▶ **What is needed**: Write out exactly the lines below that run from the one containing "Offer a terse response. 3." through the one containing "Your answer should be compact. 65.24.", both included, with no other lines.

▶ **Input data**:
-- Opening Marker --

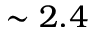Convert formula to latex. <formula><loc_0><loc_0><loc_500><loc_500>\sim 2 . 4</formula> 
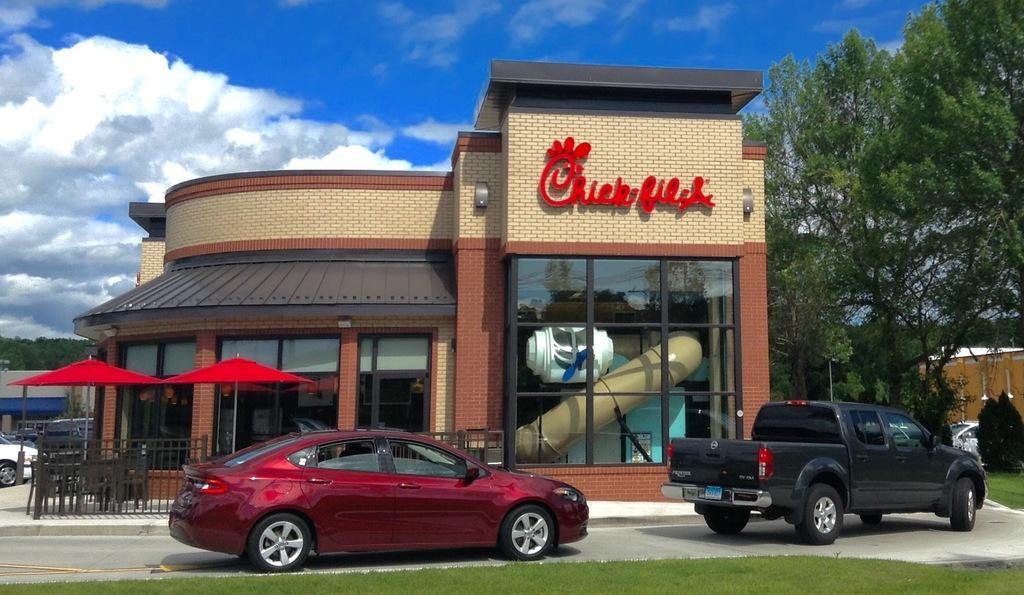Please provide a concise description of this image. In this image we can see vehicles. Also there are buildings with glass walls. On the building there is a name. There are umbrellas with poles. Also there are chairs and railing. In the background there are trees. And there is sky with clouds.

-- Closing Marker --
-- Opening Marker --

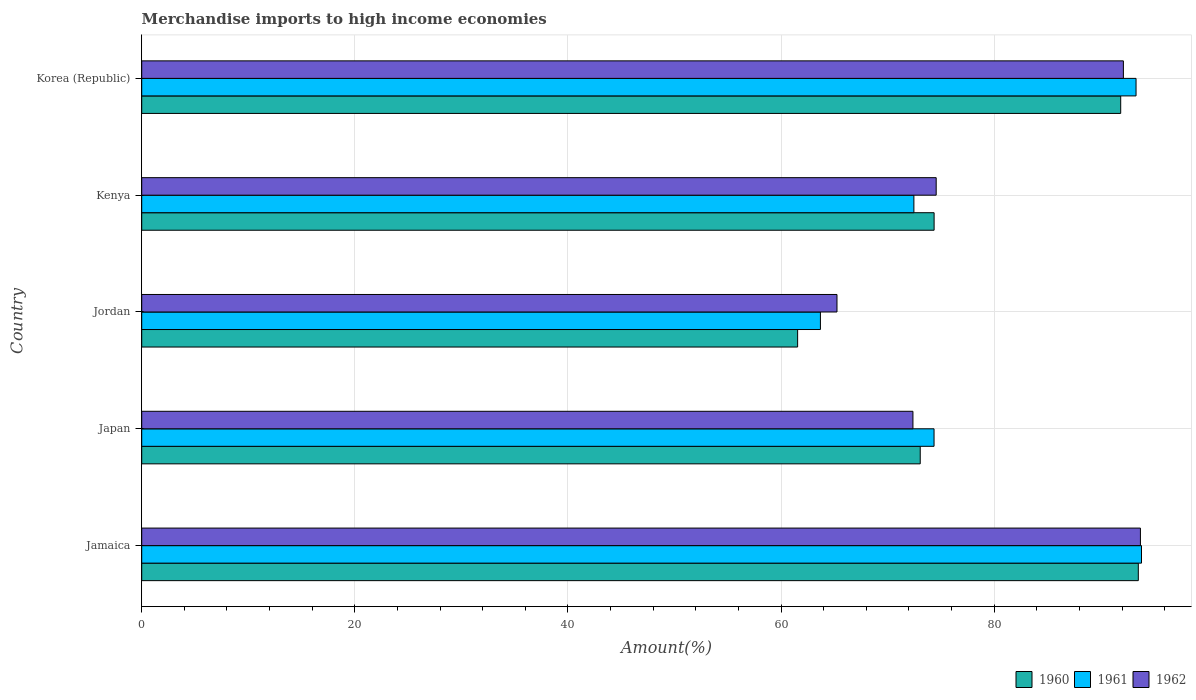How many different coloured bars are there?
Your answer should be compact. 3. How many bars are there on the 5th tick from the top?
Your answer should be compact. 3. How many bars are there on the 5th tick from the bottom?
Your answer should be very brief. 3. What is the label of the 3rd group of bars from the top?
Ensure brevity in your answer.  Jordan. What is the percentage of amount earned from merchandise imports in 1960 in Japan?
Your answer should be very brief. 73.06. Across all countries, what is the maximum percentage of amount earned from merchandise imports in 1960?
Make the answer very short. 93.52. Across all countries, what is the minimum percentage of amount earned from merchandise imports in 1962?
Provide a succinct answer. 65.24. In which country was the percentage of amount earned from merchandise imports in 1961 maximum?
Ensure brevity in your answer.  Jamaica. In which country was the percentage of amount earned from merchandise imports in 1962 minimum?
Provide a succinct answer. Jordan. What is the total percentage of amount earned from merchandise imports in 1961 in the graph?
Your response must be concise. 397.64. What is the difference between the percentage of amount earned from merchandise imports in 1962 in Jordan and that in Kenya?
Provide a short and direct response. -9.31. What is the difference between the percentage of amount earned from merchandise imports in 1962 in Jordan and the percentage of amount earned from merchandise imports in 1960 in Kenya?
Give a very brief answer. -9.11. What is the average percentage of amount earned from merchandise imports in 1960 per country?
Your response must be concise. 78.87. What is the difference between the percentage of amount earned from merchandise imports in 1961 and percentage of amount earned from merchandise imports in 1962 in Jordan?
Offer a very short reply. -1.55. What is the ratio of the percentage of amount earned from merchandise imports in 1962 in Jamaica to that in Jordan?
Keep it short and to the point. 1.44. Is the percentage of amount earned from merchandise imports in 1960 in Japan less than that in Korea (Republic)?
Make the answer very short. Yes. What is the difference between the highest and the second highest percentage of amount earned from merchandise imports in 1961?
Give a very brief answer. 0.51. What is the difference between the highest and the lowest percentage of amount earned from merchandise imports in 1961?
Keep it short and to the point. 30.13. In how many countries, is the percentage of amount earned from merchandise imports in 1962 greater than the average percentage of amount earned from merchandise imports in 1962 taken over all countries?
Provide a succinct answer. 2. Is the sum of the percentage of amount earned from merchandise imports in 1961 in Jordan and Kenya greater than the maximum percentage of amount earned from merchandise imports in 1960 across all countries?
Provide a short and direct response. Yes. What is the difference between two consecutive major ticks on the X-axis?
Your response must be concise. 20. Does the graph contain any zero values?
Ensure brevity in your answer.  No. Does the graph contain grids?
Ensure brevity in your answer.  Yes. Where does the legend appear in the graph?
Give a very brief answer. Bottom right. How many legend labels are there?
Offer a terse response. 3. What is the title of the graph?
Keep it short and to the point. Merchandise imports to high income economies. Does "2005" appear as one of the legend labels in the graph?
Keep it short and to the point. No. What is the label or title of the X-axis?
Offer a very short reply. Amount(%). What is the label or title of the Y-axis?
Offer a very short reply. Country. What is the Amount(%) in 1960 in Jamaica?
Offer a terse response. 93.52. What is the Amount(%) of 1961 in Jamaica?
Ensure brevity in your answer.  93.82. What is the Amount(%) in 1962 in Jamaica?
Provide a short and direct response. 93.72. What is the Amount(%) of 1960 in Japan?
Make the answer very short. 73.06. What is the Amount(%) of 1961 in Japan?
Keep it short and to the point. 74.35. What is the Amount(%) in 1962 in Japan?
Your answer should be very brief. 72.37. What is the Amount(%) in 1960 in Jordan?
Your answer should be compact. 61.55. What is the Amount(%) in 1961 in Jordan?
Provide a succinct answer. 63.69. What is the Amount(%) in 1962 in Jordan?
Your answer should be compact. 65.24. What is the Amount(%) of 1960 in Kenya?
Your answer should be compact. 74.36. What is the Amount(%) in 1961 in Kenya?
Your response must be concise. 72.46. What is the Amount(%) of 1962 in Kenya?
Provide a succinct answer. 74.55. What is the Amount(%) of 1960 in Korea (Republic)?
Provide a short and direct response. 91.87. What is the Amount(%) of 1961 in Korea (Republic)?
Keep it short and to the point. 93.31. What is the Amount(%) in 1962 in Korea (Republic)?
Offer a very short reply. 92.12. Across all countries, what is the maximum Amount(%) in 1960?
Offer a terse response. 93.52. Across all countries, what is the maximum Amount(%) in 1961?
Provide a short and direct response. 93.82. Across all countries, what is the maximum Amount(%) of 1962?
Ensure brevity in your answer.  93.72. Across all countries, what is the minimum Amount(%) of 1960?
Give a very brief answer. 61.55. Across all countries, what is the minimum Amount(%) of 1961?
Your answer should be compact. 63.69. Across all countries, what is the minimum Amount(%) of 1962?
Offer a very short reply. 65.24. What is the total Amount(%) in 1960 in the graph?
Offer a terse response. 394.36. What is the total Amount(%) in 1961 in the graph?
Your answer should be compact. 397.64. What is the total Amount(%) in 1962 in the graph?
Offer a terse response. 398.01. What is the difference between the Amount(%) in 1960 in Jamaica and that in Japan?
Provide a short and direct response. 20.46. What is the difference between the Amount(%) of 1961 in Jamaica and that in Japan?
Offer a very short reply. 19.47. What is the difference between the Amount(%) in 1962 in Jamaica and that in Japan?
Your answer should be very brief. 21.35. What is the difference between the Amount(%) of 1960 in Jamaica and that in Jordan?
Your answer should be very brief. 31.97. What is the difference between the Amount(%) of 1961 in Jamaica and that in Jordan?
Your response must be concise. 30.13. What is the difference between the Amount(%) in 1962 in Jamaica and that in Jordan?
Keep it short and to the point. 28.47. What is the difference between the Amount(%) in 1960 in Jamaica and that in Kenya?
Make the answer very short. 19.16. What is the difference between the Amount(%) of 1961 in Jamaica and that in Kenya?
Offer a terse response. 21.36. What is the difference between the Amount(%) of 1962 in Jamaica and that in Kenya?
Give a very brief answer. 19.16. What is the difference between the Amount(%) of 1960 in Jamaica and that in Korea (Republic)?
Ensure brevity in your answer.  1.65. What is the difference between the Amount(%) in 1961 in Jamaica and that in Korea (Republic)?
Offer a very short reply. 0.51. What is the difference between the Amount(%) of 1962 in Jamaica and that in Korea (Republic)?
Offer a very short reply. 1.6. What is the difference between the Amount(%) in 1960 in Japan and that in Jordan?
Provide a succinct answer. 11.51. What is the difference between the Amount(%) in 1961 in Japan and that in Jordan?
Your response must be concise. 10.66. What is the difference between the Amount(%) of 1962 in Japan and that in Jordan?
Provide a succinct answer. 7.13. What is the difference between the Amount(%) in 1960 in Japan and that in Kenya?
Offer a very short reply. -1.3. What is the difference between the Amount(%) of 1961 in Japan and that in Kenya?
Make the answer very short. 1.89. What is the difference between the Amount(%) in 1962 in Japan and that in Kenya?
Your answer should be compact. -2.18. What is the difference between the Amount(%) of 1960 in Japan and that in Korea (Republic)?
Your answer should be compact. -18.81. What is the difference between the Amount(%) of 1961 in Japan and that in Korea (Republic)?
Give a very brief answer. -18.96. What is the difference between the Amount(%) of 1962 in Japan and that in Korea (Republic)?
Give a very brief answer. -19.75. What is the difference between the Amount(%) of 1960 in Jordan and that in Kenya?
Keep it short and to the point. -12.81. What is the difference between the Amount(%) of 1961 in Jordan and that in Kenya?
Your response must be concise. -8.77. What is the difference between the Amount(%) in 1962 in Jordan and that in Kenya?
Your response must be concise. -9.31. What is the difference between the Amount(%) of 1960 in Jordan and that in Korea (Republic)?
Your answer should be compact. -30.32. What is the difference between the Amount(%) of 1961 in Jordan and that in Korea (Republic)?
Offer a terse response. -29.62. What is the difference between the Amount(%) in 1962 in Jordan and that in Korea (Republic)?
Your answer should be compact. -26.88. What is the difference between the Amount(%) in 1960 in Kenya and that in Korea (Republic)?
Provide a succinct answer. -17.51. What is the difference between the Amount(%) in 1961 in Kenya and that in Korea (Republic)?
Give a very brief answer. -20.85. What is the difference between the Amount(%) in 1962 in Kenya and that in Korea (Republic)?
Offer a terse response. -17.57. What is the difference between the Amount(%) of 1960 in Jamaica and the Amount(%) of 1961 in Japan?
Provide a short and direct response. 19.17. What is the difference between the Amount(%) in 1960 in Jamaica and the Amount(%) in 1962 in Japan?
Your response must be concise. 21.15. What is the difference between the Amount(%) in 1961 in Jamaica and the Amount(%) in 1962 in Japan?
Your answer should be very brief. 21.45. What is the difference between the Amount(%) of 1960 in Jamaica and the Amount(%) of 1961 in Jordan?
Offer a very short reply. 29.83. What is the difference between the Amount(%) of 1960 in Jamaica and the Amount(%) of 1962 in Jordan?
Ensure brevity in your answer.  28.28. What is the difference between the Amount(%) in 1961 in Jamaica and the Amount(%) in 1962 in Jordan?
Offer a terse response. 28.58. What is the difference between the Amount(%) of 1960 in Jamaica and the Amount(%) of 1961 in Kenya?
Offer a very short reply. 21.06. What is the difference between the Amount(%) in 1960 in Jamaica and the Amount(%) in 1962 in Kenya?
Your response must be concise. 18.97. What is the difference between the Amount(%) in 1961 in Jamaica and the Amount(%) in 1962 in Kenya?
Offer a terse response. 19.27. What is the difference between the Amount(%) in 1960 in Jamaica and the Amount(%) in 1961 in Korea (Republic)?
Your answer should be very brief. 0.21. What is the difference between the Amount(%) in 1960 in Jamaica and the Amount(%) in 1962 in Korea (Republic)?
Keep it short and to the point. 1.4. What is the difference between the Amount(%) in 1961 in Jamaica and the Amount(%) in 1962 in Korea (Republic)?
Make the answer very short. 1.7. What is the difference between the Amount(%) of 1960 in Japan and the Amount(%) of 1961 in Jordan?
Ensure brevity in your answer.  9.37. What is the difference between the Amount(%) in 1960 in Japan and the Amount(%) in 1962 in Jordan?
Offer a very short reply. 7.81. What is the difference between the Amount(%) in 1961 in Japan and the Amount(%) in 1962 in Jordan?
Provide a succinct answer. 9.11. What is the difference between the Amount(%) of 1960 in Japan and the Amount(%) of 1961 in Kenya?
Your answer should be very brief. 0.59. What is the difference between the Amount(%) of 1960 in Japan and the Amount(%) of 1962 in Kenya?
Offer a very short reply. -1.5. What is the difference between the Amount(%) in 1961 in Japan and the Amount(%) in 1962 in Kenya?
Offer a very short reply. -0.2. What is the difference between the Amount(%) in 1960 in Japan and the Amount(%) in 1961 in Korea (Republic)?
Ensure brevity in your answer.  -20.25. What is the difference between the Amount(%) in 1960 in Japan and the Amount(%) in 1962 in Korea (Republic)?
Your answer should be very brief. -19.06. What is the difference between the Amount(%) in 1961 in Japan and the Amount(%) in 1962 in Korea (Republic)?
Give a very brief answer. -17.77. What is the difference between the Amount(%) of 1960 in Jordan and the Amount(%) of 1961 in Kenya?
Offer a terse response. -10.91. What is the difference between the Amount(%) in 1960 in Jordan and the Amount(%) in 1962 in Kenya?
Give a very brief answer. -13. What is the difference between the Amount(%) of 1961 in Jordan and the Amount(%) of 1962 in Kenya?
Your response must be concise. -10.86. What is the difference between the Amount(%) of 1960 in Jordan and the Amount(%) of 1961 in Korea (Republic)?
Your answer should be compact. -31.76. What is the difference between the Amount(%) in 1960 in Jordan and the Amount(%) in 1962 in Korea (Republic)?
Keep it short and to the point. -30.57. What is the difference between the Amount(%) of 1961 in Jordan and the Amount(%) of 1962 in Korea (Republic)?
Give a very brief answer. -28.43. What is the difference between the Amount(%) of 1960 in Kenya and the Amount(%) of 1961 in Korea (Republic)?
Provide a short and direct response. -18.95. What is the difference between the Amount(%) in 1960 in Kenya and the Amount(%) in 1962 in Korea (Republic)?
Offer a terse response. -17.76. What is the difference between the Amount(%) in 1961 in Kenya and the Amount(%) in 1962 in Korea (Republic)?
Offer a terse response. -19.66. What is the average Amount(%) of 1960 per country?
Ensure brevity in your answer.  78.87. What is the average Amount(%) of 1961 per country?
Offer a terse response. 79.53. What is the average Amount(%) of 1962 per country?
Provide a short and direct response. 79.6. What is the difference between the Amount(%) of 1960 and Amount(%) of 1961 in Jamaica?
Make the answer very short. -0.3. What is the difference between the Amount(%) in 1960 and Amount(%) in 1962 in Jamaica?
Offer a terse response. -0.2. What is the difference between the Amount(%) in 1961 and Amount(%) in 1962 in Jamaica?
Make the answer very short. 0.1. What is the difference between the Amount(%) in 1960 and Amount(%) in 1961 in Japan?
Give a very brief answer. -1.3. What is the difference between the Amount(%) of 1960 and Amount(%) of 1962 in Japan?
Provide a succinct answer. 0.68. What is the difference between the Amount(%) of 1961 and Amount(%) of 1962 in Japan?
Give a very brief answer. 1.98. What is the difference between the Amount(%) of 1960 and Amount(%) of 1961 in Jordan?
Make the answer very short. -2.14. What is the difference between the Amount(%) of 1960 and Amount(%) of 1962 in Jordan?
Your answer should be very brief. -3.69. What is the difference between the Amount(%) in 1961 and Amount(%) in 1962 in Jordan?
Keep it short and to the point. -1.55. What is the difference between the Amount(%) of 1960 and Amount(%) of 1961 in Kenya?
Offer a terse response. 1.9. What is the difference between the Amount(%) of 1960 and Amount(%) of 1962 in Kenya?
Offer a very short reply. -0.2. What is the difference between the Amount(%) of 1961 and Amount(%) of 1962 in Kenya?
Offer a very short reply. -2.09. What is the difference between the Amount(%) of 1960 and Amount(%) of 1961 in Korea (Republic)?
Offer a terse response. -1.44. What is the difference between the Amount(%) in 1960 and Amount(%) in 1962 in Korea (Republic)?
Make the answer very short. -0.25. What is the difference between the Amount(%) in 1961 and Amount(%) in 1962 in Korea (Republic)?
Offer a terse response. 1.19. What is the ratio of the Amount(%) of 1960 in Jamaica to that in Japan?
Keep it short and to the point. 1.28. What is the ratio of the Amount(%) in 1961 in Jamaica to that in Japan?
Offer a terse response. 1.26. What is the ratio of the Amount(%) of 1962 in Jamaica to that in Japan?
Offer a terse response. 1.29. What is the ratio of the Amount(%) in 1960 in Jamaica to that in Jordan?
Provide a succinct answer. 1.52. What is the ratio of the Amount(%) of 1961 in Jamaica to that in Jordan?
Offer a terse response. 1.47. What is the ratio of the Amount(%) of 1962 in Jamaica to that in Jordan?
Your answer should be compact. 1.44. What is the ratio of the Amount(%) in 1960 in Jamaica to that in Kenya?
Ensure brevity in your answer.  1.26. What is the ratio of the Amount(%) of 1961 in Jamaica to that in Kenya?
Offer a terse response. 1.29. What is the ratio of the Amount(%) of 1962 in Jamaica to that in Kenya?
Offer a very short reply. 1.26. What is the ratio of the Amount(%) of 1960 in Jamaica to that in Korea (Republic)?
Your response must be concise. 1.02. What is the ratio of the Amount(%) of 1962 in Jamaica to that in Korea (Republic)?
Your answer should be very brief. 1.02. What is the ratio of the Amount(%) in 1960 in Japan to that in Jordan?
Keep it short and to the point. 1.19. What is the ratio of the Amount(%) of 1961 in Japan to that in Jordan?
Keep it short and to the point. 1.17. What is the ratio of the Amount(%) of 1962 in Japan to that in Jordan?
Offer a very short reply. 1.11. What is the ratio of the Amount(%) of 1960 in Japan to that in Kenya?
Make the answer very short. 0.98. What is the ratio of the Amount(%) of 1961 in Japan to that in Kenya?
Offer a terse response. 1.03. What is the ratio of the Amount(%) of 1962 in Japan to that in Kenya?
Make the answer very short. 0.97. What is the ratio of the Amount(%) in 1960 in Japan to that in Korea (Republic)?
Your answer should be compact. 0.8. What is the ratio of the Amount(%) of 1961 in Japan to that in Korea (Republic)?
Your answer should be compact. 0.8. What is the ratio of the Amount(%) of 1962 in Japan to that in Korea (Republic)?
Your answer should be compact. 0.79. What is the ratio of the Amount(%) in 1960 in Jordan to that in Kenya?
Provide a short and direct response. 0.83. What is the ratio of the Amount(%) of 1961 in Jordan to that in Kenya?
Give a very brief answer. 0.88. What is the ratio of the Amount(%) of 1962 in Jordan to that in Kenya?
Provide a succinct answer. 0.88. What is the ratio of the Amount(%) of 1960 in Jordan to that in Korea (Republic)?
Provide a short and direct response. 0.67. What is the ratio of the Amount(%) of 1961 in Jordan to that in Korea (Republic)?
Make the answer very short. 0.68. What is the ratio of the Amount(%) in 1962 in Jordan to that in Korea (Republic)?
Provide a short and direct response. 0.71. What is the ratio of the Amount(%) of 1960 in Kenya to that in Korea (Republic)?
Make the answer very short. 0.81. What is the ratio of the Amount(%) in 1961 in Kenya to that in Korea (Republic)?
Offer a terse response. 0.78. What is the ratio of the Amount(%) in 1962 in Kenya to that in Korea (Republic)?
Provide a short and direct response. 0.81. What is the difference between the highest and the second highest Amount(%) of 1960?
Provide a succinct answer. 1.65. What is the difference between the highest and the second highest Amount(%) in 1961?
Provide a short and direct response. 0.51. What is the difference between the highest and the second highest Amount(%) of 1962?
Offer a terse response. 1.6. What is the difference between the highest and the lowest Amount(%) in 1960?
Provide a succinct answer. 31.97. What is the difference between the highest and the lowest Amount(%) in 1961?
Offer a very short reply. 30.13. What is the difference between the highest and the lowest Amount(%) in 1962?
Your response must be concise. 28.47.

-- Closing Marker --

▶ **Written reply**:
Offer a terse response. 3. What is the title of the graph?
Keep it short and to the point. Merchandise imports to high income economies. Does "2005" appear as one of the legend labels in the graph?
Keep it short and to the point. No. What is the label or title of the X-axis?
Offer a very short reply. Amount(%). What is the label or title of the Y-axis?
Offer a very short reply. Country. What is the Amount(%) in 1960 in Jamaica?
Offer a terse response. 93.52. What is the Amount(%) of 1961 in Jamaica?
Ensure brevity in your answer.  93.82. What is the Amount(%) in 1962 in Jamaica?
Provide a short and direct response. 93.72. What is the Amount(%) of 1960 in Japan?
Make the answer very short. 73.06. What is the Amount(%) of 1961 in Japan?
Keep it short and to the point. 74.35. What is the Amount(%) in 1962 in Japan?
Your answer should be very brief. 72.37. What is the Amount(%) in 1960 in Jordan?
Your answer should be compact. 61.55. What is the Amount(%) in 1961 in Jordan?
Provide a succinct answer. 63.69. What is the Amount(%) in 1962 in Jordan?
Your answer should be compact. 65.24. What is the Amount(%) of 1960 in Kenya?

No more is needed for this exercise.